Chinese Programme Returns in Africa Post Covid

Figures show that Beijing’s strategy is focused on minerals

86 0

China’s flagship economic cooperation programme is bouncing back after a lull during the global pandemic, with Africa a primary focus, according to lending, investment and trade data. Chinese leaders have been citing the billions of dollars committed to new construction projects and record two-way trade as evidence of their commitment to assist with the continent’s modernisation and foster “win-win” cooperation.

But figures reveal a more complex relationship, one that is still largely extractive and has so far failed to live up to some of Beijing’s rhetoric about the Belt and Road Initiative, President Xi Jinping’s strategy to build an infrastructure network connecting China to the world.

While new Chinese investment in Africa increased 114% last year, according to the Griffith Asia Institute at Australia’s Griffith University, it was heavily focused on minerals essential to the global energy transition and China’s plans to revive its own flagging economy. Those minerals and oil also dominated trade.

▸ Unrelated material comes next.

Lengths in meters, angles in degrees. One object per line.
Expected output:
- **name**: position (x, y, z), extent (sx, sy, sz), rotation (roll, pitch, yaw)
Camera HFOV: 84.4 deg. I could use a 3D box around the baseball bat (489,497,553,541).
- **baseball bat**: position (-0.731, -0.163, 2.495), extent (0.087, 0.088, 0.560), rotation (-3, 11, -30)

As efforts falter to boost other imports from Africa, including agricultural products and manufactured goods, the continent’s trade deficit with China has ballooned.

A Symbiotic Relationship

Chinese sovereign lending, once the main source of financing for Africa’s infrastructure, is at its lowest level in two decades. And public-private partnerships (PPPs), which China has touted as its new preferred investment vehicle globally, have yet to gain traction in Africa.

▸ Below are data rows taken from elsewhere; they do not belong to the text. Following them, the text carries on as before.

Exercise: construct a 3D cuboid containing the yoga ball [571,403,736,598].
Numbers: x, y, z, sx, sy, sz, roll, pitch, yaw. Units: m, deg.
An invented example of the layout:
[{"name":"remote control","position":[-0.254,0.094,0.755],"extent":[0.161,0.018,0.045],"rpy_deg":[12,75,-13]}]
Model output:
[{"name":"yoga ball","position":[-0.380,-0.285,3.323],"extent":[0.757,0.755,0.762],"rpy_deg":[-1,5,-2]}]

The result is a more one-sided relationship than China says it wants, one that is dominated by imports of Africa’s raw materials and that some analysts argue contains echoes of colonial-era Europe’s economic relations with the continent. “This is something late-19th century Britain would recognise,” said Eric Olander, co-founder of the China-Global South Project website and podcast. China rejects such assertions.

“Africa has the right, capacity and wisdom to develop its external relations and choose its partners,” China’s foreign ministry wrote in response to Reuters’ questions. “China’s practical support for Africa’s path of modernisation in accordance with its own characteristics has been welcomed by an increasing number of African countries.”

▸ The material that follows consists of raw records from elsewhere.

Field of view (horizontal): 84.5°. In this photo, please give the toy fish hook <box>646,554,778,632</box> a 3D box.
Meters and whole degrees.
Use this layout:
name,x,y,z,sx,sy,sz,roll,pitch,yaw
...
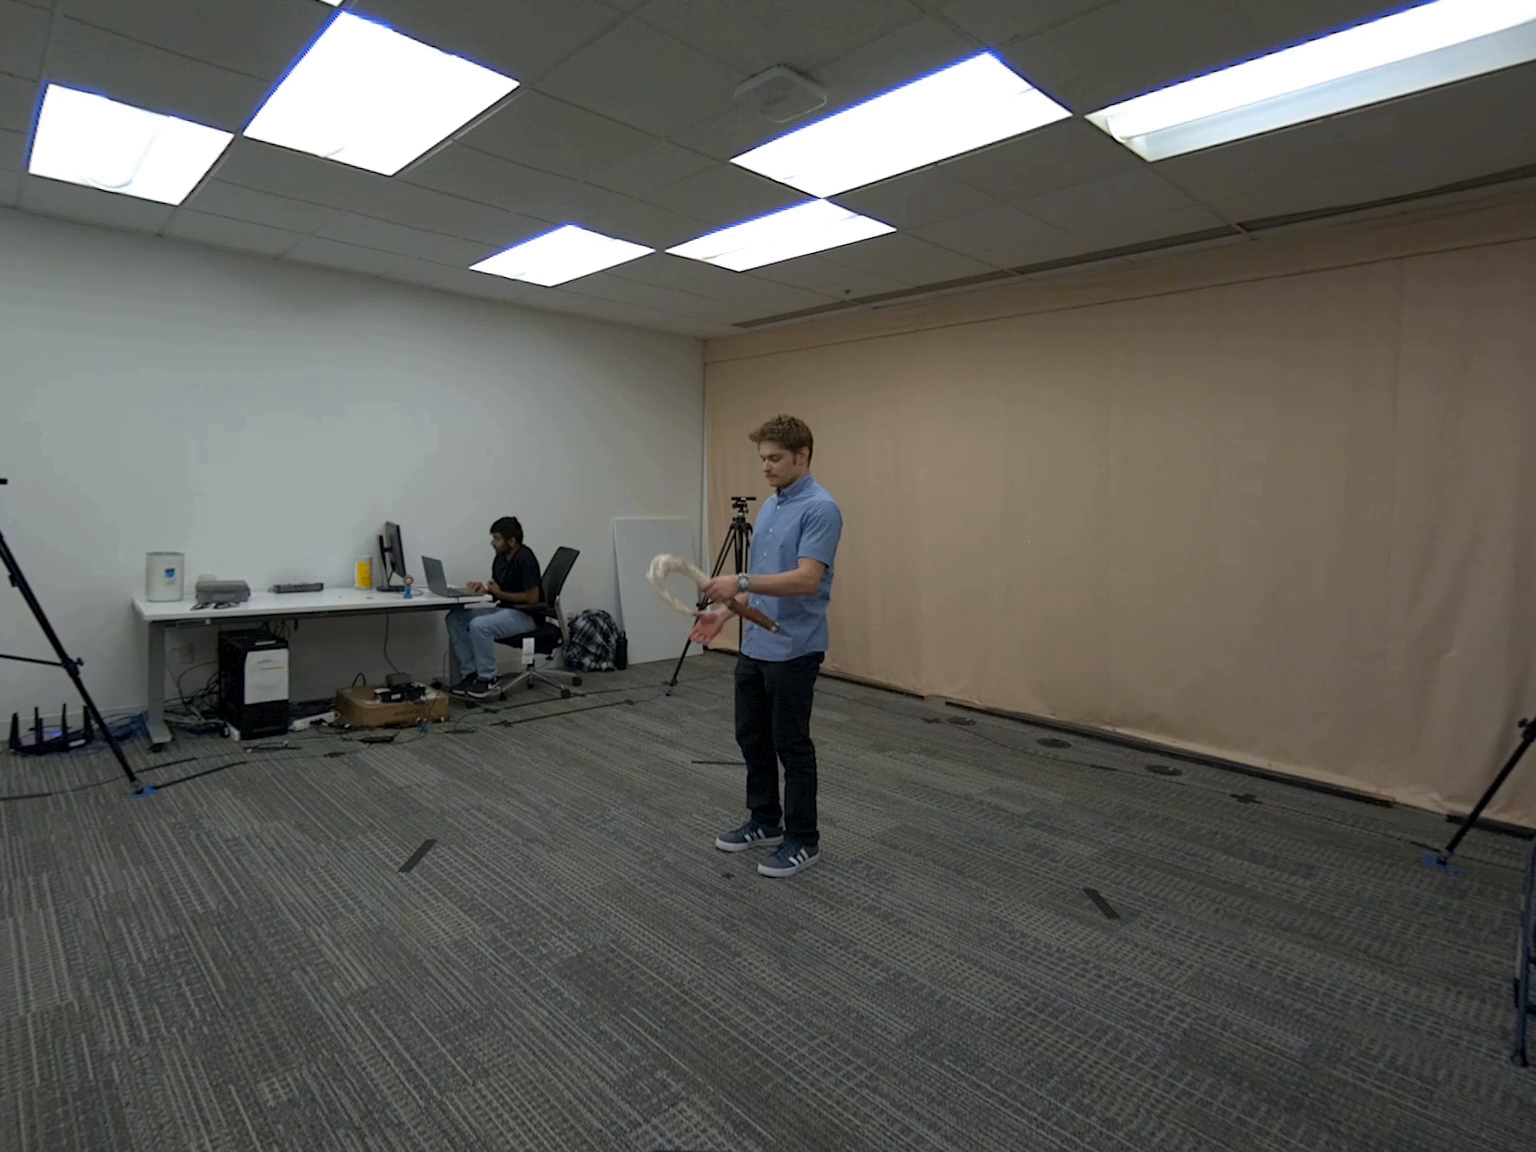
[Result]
name,x,y,z,sx,sy,sz,roll,pitch,yaw
toy fish hook,-0.178,0.115,2.886,0.500,0.227,0.048,32,-48,-12

China’s engagement in Africa, a focus of the Belt and Road Initiative (BRI), grew rapidly in the two decades before the COVID-19 pandemic. Chinese companies built ports, hydropower plants and railways across the continent, financed mainly through sovereign loans. Annual lending commitments peaked at $28.4 billion in 2016, according to the Global China Initiative at Boston University.

But many projects proved unprofitable. As some governments struggled to repay loans, China cut lending. COVID-19 then pushed it to turn inward, and Chinese construction projects in Africa fell. A rebound in sovereign lending is not expected.

Economically Viable Projects

Policymakers in Beijing have instead been pushing Chinese companies to take equity stakes and operate infrastructure they build for foreign governments. The aim, China analysts say, is to help companies win higher-value contracts and, by giving them skin in the game, ensure the projects are economically viable.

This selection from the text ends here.